Life as a judge suited Henry Brown well. He preferred to "take refuge in the comparative repose of the bench" and "to exchange a position where one’s main ambition is to win for one where one’s sole ambition is to do justice." He served 14 years as a federal district judge, enjoying an excellent reputation, especially in the area of admiralty law, his specialty. He taught regularly at the University of Michigan Law School and was awarded honorary degrees from the University of Michigan and Yale University. Mr. Brown also consciously sought a more prestigious judicial appointment, ultimately casting his aspirations toward a seat on the U.S. Supreme Court itself. According to an early biographer, Henry Brown "did not hesitate to use all honorable means to attain the object of his ambition." The exact means pursued by Brown in this ambition remain unclear, but they seem to have included his willingness to ride circuit, helping to decide cases in other districts in need of temporary judicial assistance and making important political contacts along the way.

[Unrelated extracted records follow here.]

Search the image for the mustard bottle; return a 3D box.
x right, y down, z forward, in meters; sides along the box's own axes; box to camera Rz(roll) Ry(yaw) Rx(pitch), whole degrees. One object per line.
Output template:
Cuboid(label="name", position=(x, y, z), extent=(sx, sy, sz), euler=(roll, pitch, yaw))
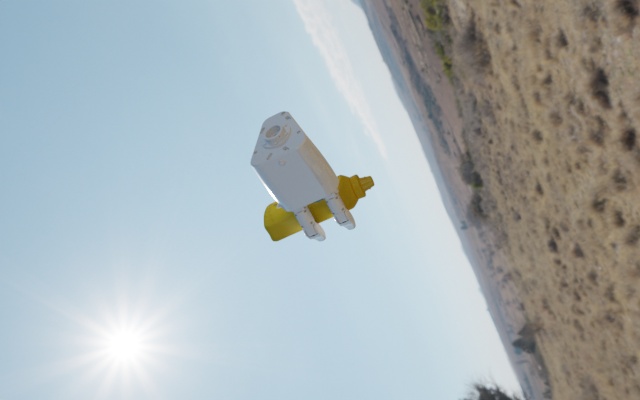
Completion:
Cuboid(label="mustard bottle", position=(0.000, 0.003, 0.808), extent=(0.191, 0.058, 0.096), euler=(-23, 19, 14))

When Justice Stanley Matthews died in the spring of 1889, Judge Brown was one of the two most promising candidates to fill the vacancy left on the Supreme Court. The other was one of Mr. Brown’s classmates from Yale, David Brewer. President Benjamin Harrison eventually appointed Brewer to fill the seat left vacant by Matthews’s death. The following year, though, Justice Samuel F. Miller also died, and the president promptly nominated Henry Brown to assume the vacant seat on the Court. The Senate confirmed Brown’s appointment in December 1890, and he took his seat on the Court at the beginning of the New Year. Justice Brown credited his appointment to the support of his friend Judge Howell Edmunds Jackson, a Tennessee judge on the U.S. Court of Appeals for the Sixth Circuit. Mr. Brown reciprocated the favor by urging President Harrison to appoint Jackson to the Court two years later, after Justice Lamar died, and the president obliged by appointing Jackson in February 1893. Because of his eye problems, he resigned in 1906.

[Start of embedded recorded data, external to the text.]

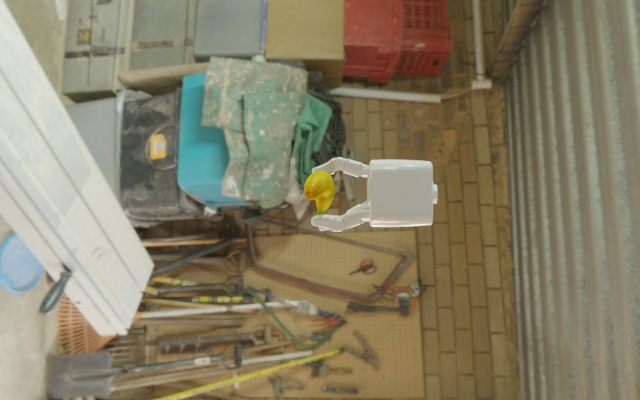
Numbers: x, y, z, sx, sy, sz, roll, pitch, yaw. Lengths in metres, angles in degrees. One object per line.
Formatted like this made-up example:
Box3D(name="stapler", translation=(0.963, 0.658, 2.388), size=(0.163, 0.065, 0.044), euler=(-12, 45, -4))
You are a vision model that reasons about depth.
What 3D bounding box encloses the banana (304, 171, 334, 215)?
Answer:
Box3D(name="banana", translation=(0.002, -0.015, 0.807), size=(0.037, 0.069, 0.198), euler=(2, -13, 7))

Henry Brown was a member of the Republican Party of the United States, who stood against government intervention in business and back the federal income tax. He was known to be a strong supporter of the Union and Abraham Lincoln.

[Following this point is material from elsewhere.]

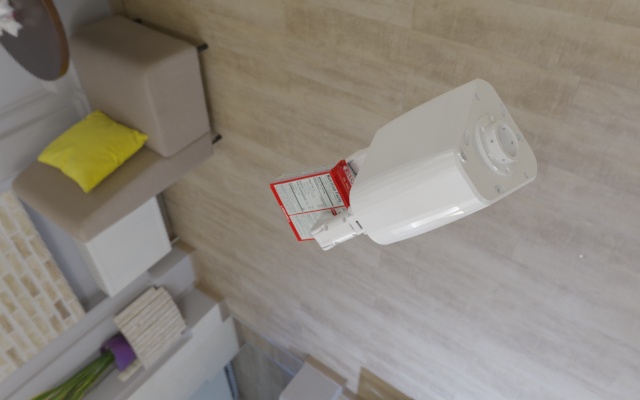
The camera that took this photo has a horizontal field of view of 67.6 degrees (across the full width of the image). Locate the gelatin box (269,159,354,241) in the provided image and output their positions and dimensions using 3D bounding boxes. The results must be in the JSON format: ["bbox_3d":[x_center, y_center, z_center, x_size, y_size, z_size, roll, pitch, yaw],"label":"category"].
[{"bbox_3d":[0.000,0.002,0.493,0.089,0.073,0.030,-11,24,39],"label":"gelatin box"}]

Justice Brown was moderately conservative in his judicial views, but on a Court with such arch-conservatives as Stephen Field, David Brewer, and Rufus Peckham, Mr. Brown often found himself in the center of the Court’s political spectrum, anxious to secure compromise and to avoid dissent.
Views
Brown was a social Darwinist, and his views of women and minorities were at best, crabbed and at worst, racist.
Personality
Mr. Brown's was personally likeable (but ambitious), depressed and often full of doubt about himself.
Physical Characteristics:
From his childhood, Henry Brown had suffered eye problems. By the time he joined the Court, he was blind in one eye, and his work as a justice gradually ruined his other eye.
Connections
In 1864, Mr. Brown married Caroline Pitts, the daughter of a wealthy Michigan lumber merchant. They had no children. His first wife had died while on a trip abroad in 1901, and two years before leaving the Court Brown had married again to Josephine E. Tyler, the widow of his cousin.